There are so many things to remember: I have lists that detail what needs doing, what needs bringing, who I need to contact, and at any given moment my unconscious mind busies itself with details. Since I made the decision to move to Bhutan there’s a thought that pops into my head every two or three days with a sort of panicked urgency—I haven’t told Mom—which is quickly followed by the mist of sadness that everyone who has lost their parents knows. Mom doesn’t know I’m off to Bhutan; she will never know. But my mind sometimes imagines she is aware of my plan; that somewhere far off where the perished and lost loved ones occasionally view the lives of those they left behind, my mother is sitting in a darkened cosmic cinema watching while I attend to all that needs attending to, and she’s thinking to herself, “garsh… isn’t that something.”

One day long ago my Mom confided in me some little worries she carried in regard to each of my sisters. At the end of it I asked her: What do you worry over for me? And I was surprised by the answer: “I never worry about you. Since you were little I always knew that you would be alright.” So, sometimes, when little doubts arise and catch me unaware, I try to remember my Mom and the off-hand and casual confidence she bore into me.

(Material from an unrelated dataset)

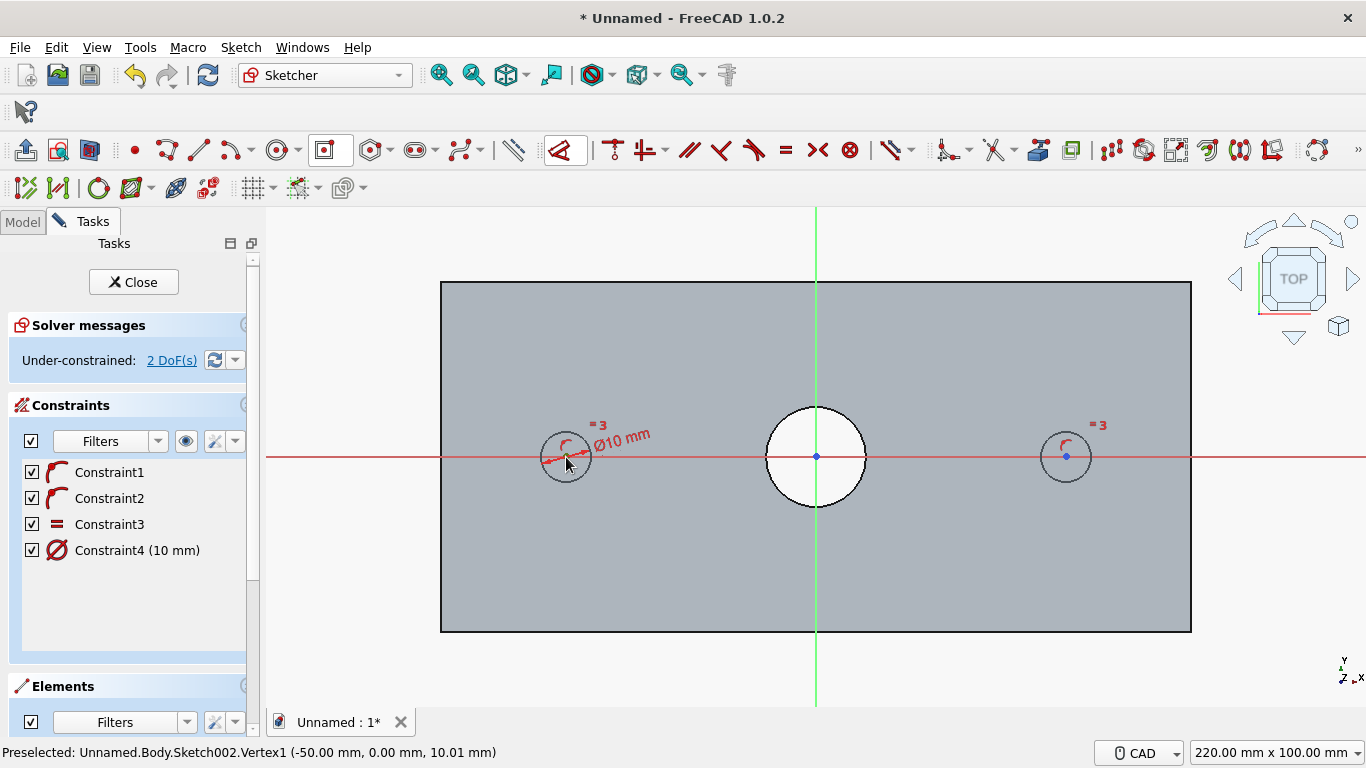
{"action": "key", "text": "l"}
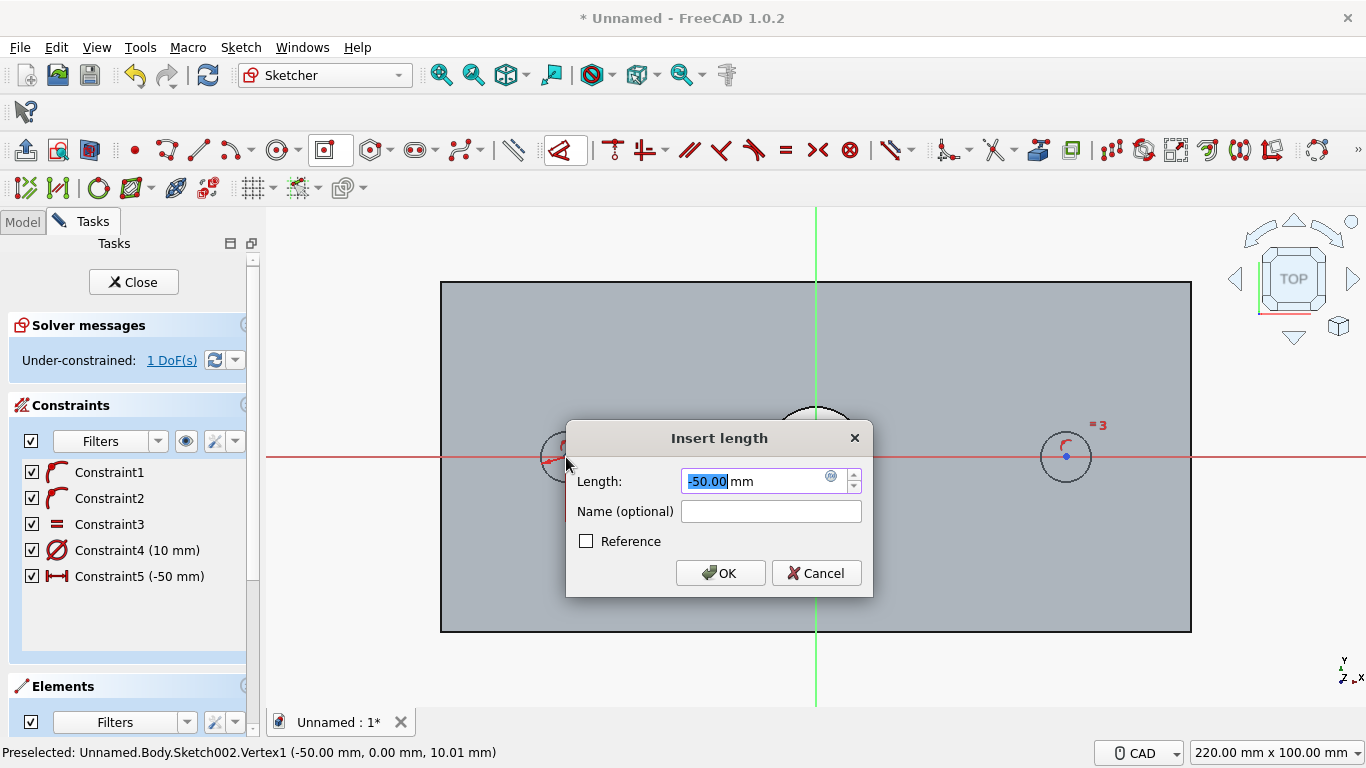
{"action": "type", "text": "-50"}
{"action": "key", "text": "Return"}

Wednesday, January 13, 2010

Gross National Happiness

Bhutan, as you might know, is a country that strives to practice and measure Gross National Happiness, with education being one of nine identified spheres that contributes to the collective goal of achieving happiness. Eight Canadian teachers are traveling to Bhutan (through the facility of The Bhutan Canada Foundation) to work with local educators to help facilitate the transition to a newly reformed, child-centred curriculum that stresses interactive teaching pedagogies.

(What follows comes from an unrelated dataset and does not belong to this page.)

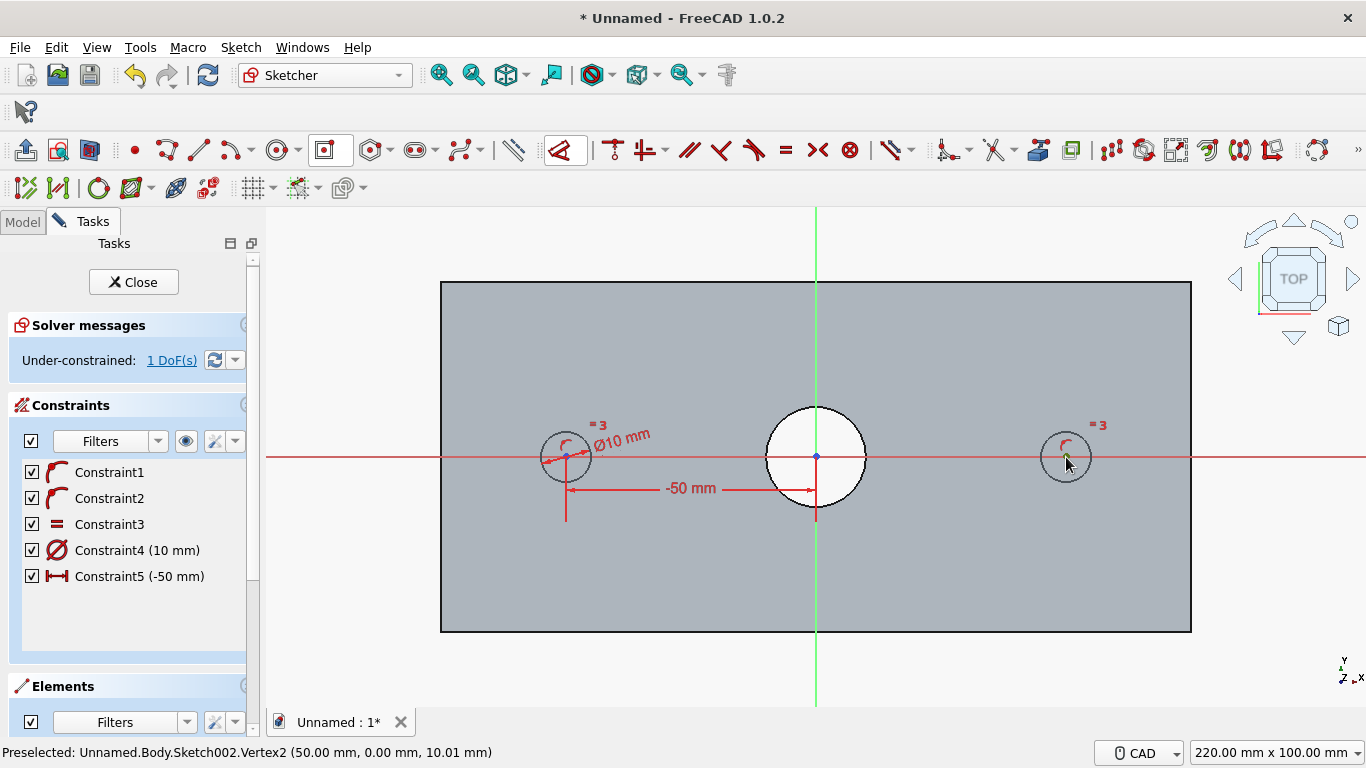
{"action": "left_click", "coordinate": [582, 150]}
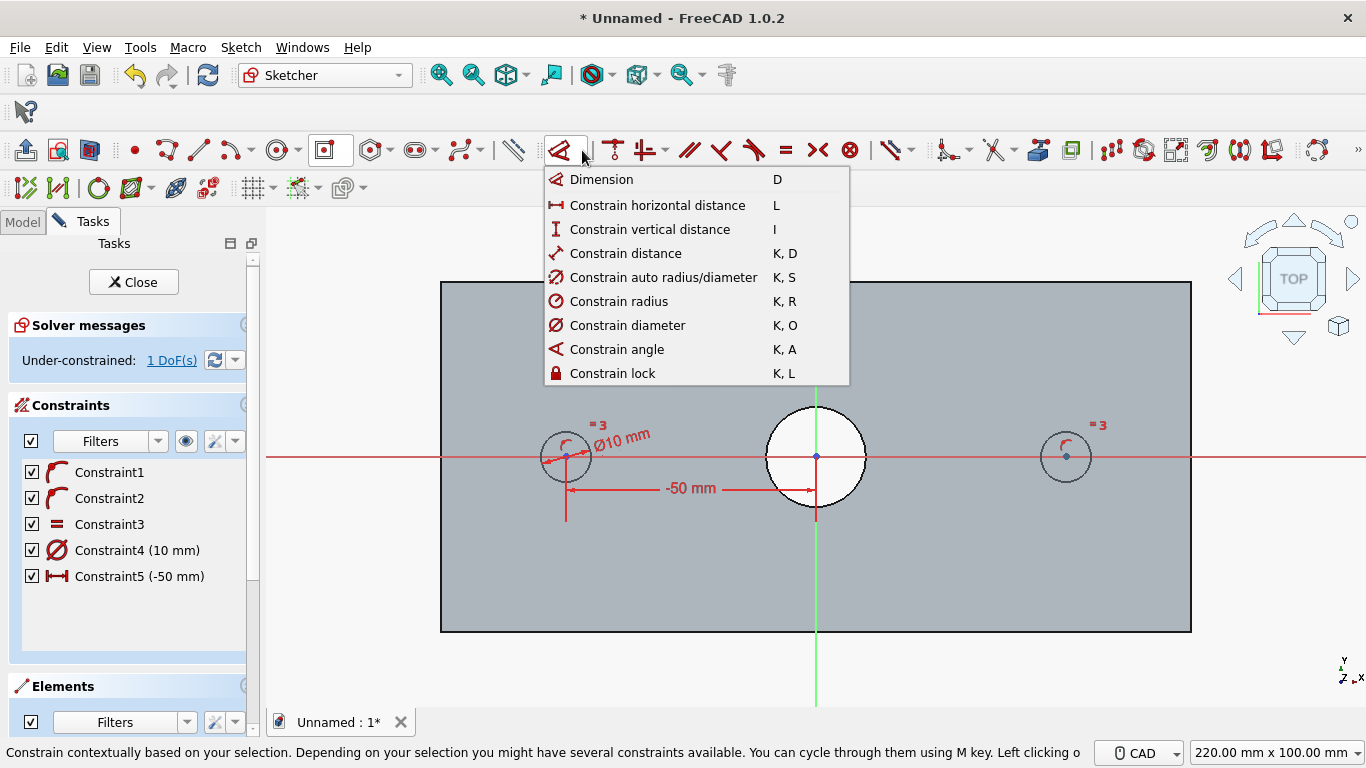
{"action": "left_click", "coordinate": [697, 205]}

I imagine that children in Bhutan have many venues in which to learn meditation, but I’m keen to teach meditation to students (as I understand it from 20 years of practice) at an age-appropriate level, and help them to apply the skills of attention and focus to their studies. I'm curious to discover if children in Bhutan are less afflicted with problems associated with "attention deficits" than are some of the children in the classrooms where I did my practice teaching in Toronto. I was encouraged to uncover a reference to teaching meditation in schools as a fundamental organ for increasing gross national happiness.† I suspect the fear of stirring up a religious hornet’s nest or—more likely—a non-appreciation of meditation practice has prevented western educators from perceiving the benefits of inner practice, whereas in Bhutan meditation would seem a natural fit. I'll let you know how / when / if this experiment proceeds!

†“Role of Meditation in Achieving Gross National Happiness” by Khenpo Phuntsok Tashi, a conference paper included in the Fourth International Conference on Gross National Happiness held in Thimphu, Bhutan presented by The Centre for Bhutan Studies in November, 2008. http://www.bhutanstudies.org.bt/admin/pubFiles/19.GNH4.pdf

See also: Proceedings of the Fourth International Conference on Gross National Happiness held in Bhutan, November 24-26, 2008 http://www.bhutanstudies.org.bt/main/gnh4.php

Saturday, January 2, 2010

Say Yes to Bhutan

© The Globe And Mail, January 2, 2010: "There was a time not too long ago when Bhutan had no currency, no phones and no electricity. Until 1972, outsiders weren't allowed into the tiny Himalayan kingdom. But times have changed, and despite its isolated locale and seemingly archaic practices, Bhutan is now welcoming foreigners in its own way. Measures are in place to avoid overcrowding and to attract the “right crowd”. This is not a place for budget travellers: Visitors have to pay a minimum of $200 U.S. per day, and sightseeing excursions are limited to guided visits to stunningly positioned Buddhist temples – the Tiger's Nest Monastery hangs on a sheer rock face – and mountain hikes like the Jhomolhari Trek, which passes through remote villages. In the end, it's a small price to pay to visit the happiest country in the world, where people value Gross National Happiness over Gross National Product."